The total energy consumption of badminton has an important relationship with the duration. The energy consumed by the human body in exercise can be several times to dozens of times that of sitting still. Research shows that long-term regular exercise can improve the basal metabolic rate in a quiet state. So after you choose to play badminton, you should insist on exercising for more than one hour every other day.
Badminton is strong and consumes 420 calories/hour (calculated by 60kg weight). Doing this exercise for 4 minutes is equivalent to walking at a medium speed 1000 steps (that is, walking at a speed of 4km/h 10 minutes). Consuming these calories is equivalent to eating the following foods: 365.2g of rice, 807.7g of apples, 293.7g of eggs, 2625.0g of soybean milk and 777.8g of milk.
2, fully exercise muscles
In the process of exercise, the exerciser needs to use the strength of wrist and arm to hold and swing the racket, and also needs to fully move the ankle joint, knee joint, hip joint and other parts to make various gaits such as sliding, stepping and lunging, so the exercise of the whole body muscles and joints is also very full.

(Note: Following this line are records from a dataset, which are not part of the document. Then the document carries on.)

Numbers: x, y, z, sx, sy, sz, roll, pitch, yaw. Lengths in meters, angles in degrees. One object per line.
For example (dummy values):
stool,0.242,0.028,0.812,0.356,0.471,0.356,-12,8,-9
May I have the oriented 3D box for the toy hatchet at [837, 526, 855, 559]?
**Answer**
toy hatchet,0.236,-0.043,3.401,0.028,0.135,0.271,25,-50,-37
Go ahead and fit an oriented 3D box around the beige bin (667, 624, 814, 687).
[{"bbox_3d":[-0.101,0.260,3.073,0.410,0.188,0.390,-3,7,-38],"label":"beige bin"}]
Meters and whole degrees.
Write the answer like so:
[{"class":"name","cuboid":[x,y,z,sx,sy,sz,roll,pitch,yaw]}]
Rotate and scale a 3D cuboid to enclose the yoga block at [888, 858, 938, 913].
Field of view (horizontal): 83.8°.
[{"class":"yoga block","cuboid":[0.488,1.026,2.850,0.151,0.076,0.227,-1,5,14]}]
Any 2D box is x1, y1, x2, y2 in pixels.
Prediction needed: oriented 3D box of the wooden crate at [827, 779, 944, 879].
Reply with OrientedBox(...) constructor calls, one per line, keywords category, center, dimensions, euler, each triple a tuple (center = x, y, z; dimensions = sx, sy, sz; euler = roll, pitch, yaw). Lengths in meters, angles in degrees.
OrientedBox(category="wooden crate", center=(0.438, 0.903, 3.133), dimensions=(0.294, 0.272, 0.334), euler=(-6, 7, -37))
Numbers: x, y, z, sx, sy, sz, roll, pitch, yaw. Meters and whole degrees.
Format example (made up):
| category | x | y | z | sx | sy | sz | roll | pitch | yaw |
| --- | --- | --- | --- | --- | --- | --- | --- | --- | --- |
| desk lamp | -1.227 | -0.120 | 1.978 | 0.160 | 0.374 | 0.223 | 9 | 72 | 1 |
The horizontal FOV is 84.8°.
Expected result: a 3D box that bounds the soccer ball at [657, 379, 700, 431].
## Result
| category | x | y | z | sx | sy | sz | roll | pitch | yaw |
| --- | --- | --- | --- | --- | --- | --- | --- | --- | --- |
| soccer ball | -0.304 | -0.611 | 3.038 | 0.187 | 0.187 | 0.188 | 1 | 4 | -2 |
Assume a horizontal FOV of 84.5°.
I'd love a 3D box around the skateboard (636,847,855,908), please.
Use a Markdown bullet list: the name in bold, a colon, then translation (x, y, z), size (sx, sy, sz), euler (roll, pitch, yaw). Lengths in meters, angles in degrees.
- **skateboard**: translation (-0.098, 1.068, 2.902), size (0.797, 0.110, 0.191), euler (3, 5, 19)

In the process of picking up and catching the ball, you can fully exercise the muscles of your waist and abdomen by constantly bending over and raising your head.
Step 3 improve body composition
Badminton can reduce body fat and improve body composition. Long-term badminton sports, especially moderate and low-intensity sports, will increase people's lean body weight, which can be proved by the fact that excellent athletes have lower body fat than ordinary people.
Generally, people who don't take part in sports will increase their lean body weight if they take systematic physical exercise. Because the increase of lean body mass offsets the decrease of body fat, the overall weight will decrease slightly or remain the same. Research shows that exercise can increase the energy supply of fat in a quiet state, help to regulate weight, prevent fat accumulation and avoid obesity. If you only reduce your food intake to lose weight, you will lose lean weight, and too fast will cause dehydration.
4, you can slim down and shape
Badminton uses the muscles of the shoulders, upper arms and forearms when swinging the upper limbs. Kicking, striding, jumping and other forward and backward footwork movements can exercise the large muscle groups of buttocks, thighs and calves. The muscles of abdomen, waist and back involved in turning make lean body gain weight and make the body get rid of excess fat. Generally speaking, badminton is still very suitable for slimming and shaping.
5, promote fat decomposition
Fat is the main oxidative energy-supplying substance, so it is natural to consume fat when playing badminton in aerobic state for a long time. Exercise will also reduce insulin secretion, thus inhibiting the synthesis of fat in the body. Because the minimum body fat should be coordinated with good physical condition, when playing badminton, golfers must pay attention to the control of their exercise intensity and time.
Playing badminton for 30 minutes consumes 2.55 kilocalories per kilogram of body weight. So the calories consumed in playing badminton for 30 minutes (kilocalories) = weight (kilograms)? 2.55。 And 1 kg fat =7700 calories. Taking 60 kg body weight as an example, the time (hours) required to subtract 1 kg fat is: 7700? 60? 2.55? 2=25. 1 (hour).
6, improve the reaction ability
People who practice badminton for a long time will often observe the opponent's swing and the ball in high-speed flight, and see the tiny movement of the racket when the opponent hits the ball.
Badminton in sports is very fast, which requires the opponent's eyes to catch up with the ball flying at high speed. The ciliary muscles of the eyes are constantly contracting and relaxing, which greatly promotes the blood supply of the eyeball tissue, thus improving the function of the ciliary muscles. Long-term exercise can improve people's visual sensitivity and eye response.